One remark more about your reading. I do not know whether it has been sufficiently brought home to you that there are two kinds of books. When a man is reading on any kind of a subject, in most departments of books — in all books, if you take it in a wide sense — he will find that there is a division into good books and bad books. Everywhere a good kind of book and a bad kind of book. I am not to assume that you are unacquainted, or ill acquainted, with this plain fact; but I may remind you that it is becoming a very important consideration in our day. And we have to cast aside altogether the idea people have, that if they are reading any book, that if an ignorant man is reading any book, he is doing rather better than nothing at all.

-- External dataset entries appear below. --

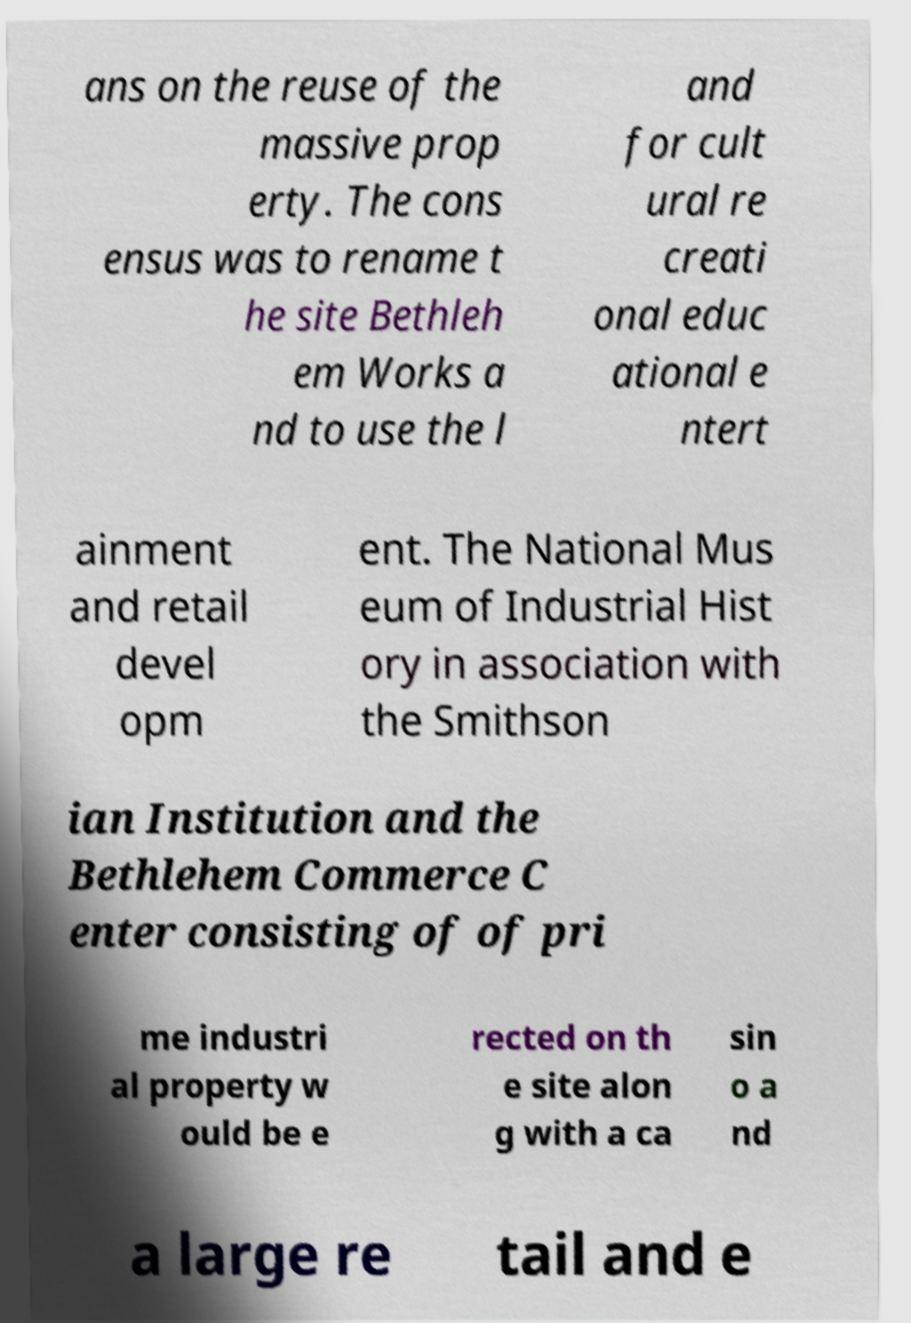Can you read and provide the text displayed in the image?This photo seems to have some interesting text. Can you extract and type it out for me? ans on the reuse of the massive prop erty. The cons ensus was to rename t he site Bethleh em Works a nd to use the l and for cult ural re creati onal educ ational e ntert ainment and retail devel opm ent. The National Mus eum of Industrial Hist ory in association with the Smithson ian Institution and the Bethlehem Commerce C enter consisting of of pri me industri al property w ould be e rected on th e site alon g with a ca sin o a nd a large re tail and e 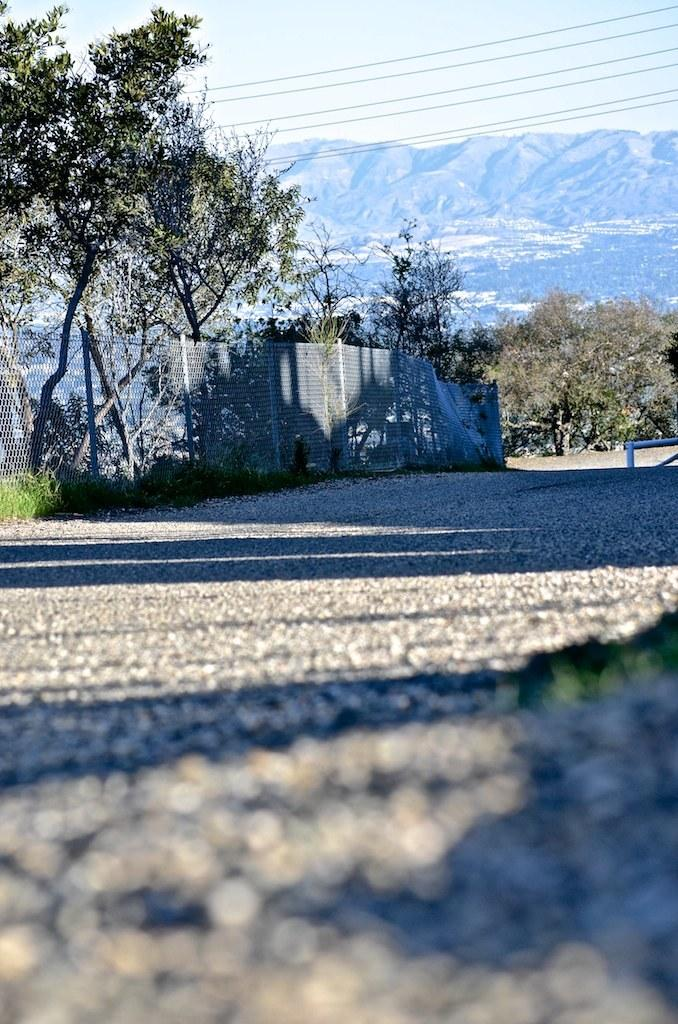What type of pathway is present in the image? There is a road in the image. What structure can be seen alongside the road? There is a fence in the image. What type of vegetation is present in the image? There are trees in the image. What can be seen in the distance in the image? There are hills visible in the background of the image. What is visible above the hills in the image? The sky is visible in the background of the image. Can you tell me how many volleyballs are lying on the road in the image? There are no volleyballs present in the image; it features a road, a fence, trees, hills, and the sky. What type of coil is wrapped around the trees in the image? There is no coil present in the image; it features a road, a fence, trees, hills, and the sky. 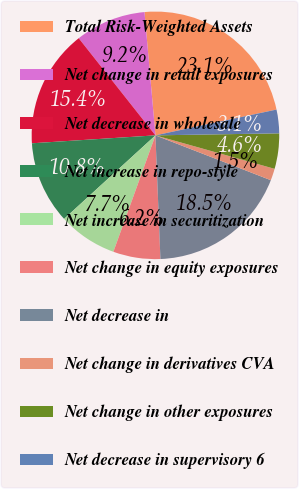Convert chart to OTSL. <chart><loc_0><loc_0><loc_500><loc_500><pie_chart><fcel>Total Risk-Weighted Assets<fcel>Net change in retail exposures<fcel>Net decrease in wholesale<fcel>Net increase in repo-style<fcel>Net increase in securitization<fcel>Net change in equity exposures<fcel>Net decrease in<fcel>Net change in derivatives CVA<fcel>Net change in other exposures<fcel>Net decrease in supervisory 6<nl><fcel>23.07%<fcel>9.23%<fcel>15.38%<fcel>10.77%<fcel>7.69%<fcel>6.16%<fcel>18.46%<fcel>1.54%<fcel>4.62%<fcel>3.08%<nl></chart> 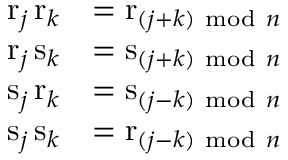Convert formula to latex. <formula><loc_0><loc_0><loc_500><loc_500>{ \begin{array} { r l } { r _ { j } \, r _ { k } } & { = r _ { ( j + k ) { m o d } n } } \\ { r _ { j } \, s _ { k } } & { = s _ { ( j + k ) { m o d } n } } \\ { s _ { j } \, r _ { k } } & { = s _ { ( j - k ) { m o d } n } } \\ { s _ { j } \, s _ { k } } & { = r _ { ( j - k ) { m o d } n } } \end{array} }</formula> 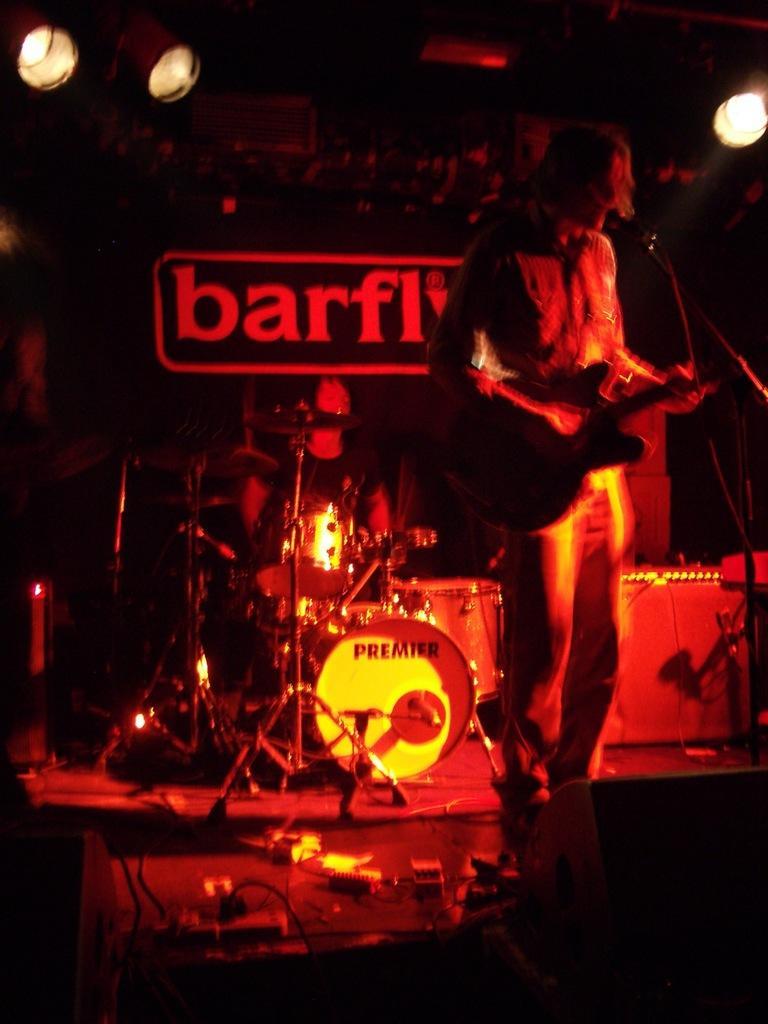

I must entirely call that in question; I even venture to deny that. It would be much safer and better for many a reader, that he had no concern with books at all. There is a number, a frightfully increasing number, of books that are decidedly, to the readers of them, not useful. But an ingenious reader will learn, also, that a certain number of books were written by a supremely noble kind of people — not a very great number of books, but still a number fit to occupy all your reading industry do adhere more or less to that side of things. In short, as I have written it down somewhere else, I conceive that books are like men’s souls — divided into sheep and goats. Some few are going up, and carrying us up, heavenward; calculated, I mean, to be of priceless advantage in teaching — in forwarding the teaching of all generations. Others, a frightful multitude, are going down, down; doing ever the more and the wider and the wilder mischief. Keep a strict eye on that latter class of books, my young friends!

And for the rest, in regard to all your studies and readings here, and to whatever you may learn, you are to remember that the object is not particular knowledges,— not that of getting higher and higher in technical perfections, and all that sort of thing. There is a higher aim lying at the rear of all that, especially among those who are intended for literary or speaking pursuits, or the sacred profession. You are ever to bear in mind that there lies behind that the acquisition of what may be called wisdom — namely, sound appreciation and just decision as to all the objects that come round you, and the habit of behaving with justice, candor, clear insight, and loyal adherence to fact. Great is wisdom; infinite is the value of wisdom. It can not be exaggerated; it is the highest achievement of man: “Blessed is he that getteth understanding.” And that, I believe, on occasion, may be missed very easily; never more easily than now, I sometimes think. If that is a failure, all is failure! However, I will not touch further upon that matter.

... The highest outcome and most precious of all the fruits that are to spring from this ideal mode of educating is what Goethe calls art; of which I could at present give no definition that would make it clear to you, unless it were clearer already than is likely. Goethe calls it music, painting, poetry; but it is in quite a higher sense than the common one, and a sense in which, I am afraid, most of our painters, poets and music men would not pass muster. He considers this as the highest pitch to which human culture can go — infinitely valuable and ennobling — and he watches with great industry how it is to be brought about in the men who have a turn for it. Very wise and beautiful his notion of the matter is. It gives one an idea that something far better and higher, something as high as ever, and indubitably true, too, is still possible for man in this world...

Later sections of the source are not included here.